> [Task prompt]: When a line in the entries contains the word "subtitle", copy that line in full.

++++ Materials provided ++++

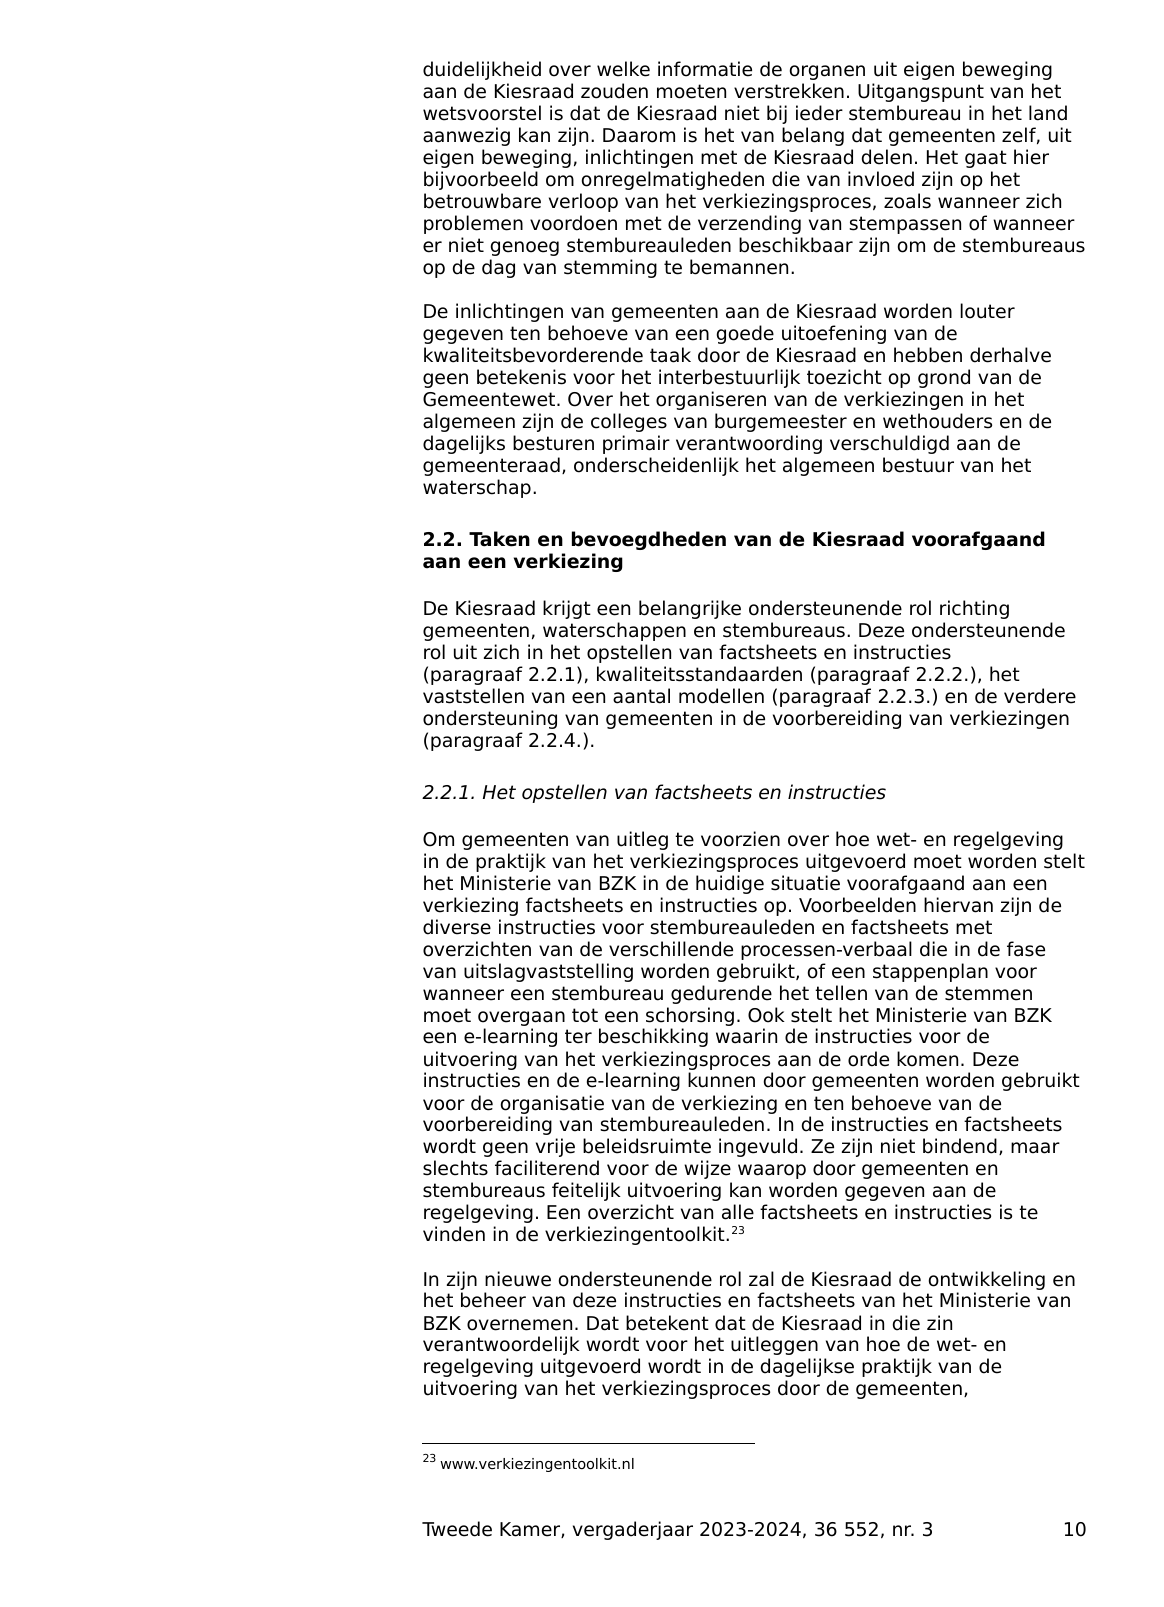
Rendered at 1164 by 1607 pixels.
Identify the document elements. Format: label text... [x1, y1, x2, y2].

text Om gemeenten van uitleg te voorzien over hoe wet- en regelgeving in de praktijk van het verkiezingsproces uitgevoerd moet worden stelt het Ministerie van BZK in de huidige situatie voorafgaand aan een verkiezing factsheets en instructies op. Voorbeelden hiervan zijn de diverse instructies voor stembureauleden en factsheets met overzichten van de verschillende processen-verbaal die in de fase van uitslagvaststelling worden gebruikt, of een stappenplan voor wanneer een stembureau gedurende het tellen van de stemmen moet overgaan tot een schorsing. Ook stelt het Ministerie van BZK een e-learning ter beschikking waarin de instructies voor de uitvoering van het verkiezingsproces aan de orde komen. Deze instructies en de e-learning kunnen door gemeenten worden gebruikt voor de organisatie van de verkiezing en ten behoeve van de voorbereiding van stembureauleden. In de instructies en factsheets wordt geen vrije beleidsruimte ingevuld. Ze zijn niet bindend, maar slechts faciliterend voor de wijze waarop door gemeenten en stembureaus feitelijk uitvoering kan worden gegeven aan de regelgeving. Een overzicht van alle factsheets en instructies is te vinden in de verkiezingentoolkit. [422, 829, 1087, 1246]
text www.verkiezingentoolkit.nl [422, 1452, 1087, 1474]
subtitle 2.2.1. Het opstellen van factsheets en instructies [422, 782, 1087, 804]
text De inlichtingen van gemeenten aan de Kiesraad worden louter gegeven ten behoeve van een goede uitoefening van de kwaliteitsbevorderende taak door de Kiesraad en hebben derhalve geen betekenis voor het interbestuurlijk toezicht op grond van de Gemeentewet. Over het organiseren van de verkiezingen in het algemeen zijn de colleges van burgemeester en wethouders en de dagelijks besturen primair verantwoording verschuldigd aan de gemeenteraad, onderscheidenlijk het algemeen bestuur van het waterschap. [422, 301, 1087, 499]
text De Kiesraad krijgt een belangrijke ondersteunende rol richting gemeenten, waterschappen en stembureaus. Deze ondersteunende rol uit zich in het opstellen van factsheets en instructies (paragraaf 2.2.1), kwaliteitsstandaarden (paragraaf 2.2.2.), het vaststellen van een aantal modellen (paragraaf 2.2.3.) en de verdere ondersteuning van gemeenten in de voorbereiding van verkiezingen (paragraaf 2.2.4.). [422, 598, 1087, 752]
subtitle 2.2. Taken en bevoegdheden van de Kiesraad voorafgaand aan een verkiezing [422, 529, 1087, 573]
text duidelijkheid over welke informatie de organen uit eigen beweging aan de Kiesraad zouden moeten verstrekken. Uitgangspunt van het wetsvoorstel is dat de Kiesraad niet bij ieder stembureau in het land aanwezig kan zijn. Daarom is het van belang dat gemeenten zelf, uit eigen beweging, inlichtingen met de Kiesraad delen. Het gaat hier bijvoorbeeld om onregelmatigheden die van invloed zijn op het betrouwbare verloop van het verkiezingsproces, zoals wanneer zich problemen voordoen met de verzending van stempassen of wanneer er niet genoeg stembureauleden beschikbaar zijn om de stembureaus op de dag van stemming te bemannen. [422, 59, 1087, 279]
text In zijn nieuwe ondersteunende rol zal de Kiesraad de ontwikkeling en het beheer van deze instructies en factsheets van het Ministerie van BZK overnemen. Dat betekent dat de Kiesraad in die zin verantwoordelijk wordt voor het uitleggen van hoe de wet- en regelgeving uitgevoerd wordt in de dagelijkse praktijk van de uitvoering van het verkiezingsproces door de gemeenten, [422, 1268, 1087, 1400]

++++

> [Task response]:
subtitle 2.2.1. Het opstellen van factsheets en instructies [422, 782, 1087, 804]
subtitle 2.2. Taken en bevoegdheden van de Kiesraad voorafgaand aan een verkiezing [422, 529, 1087, 573]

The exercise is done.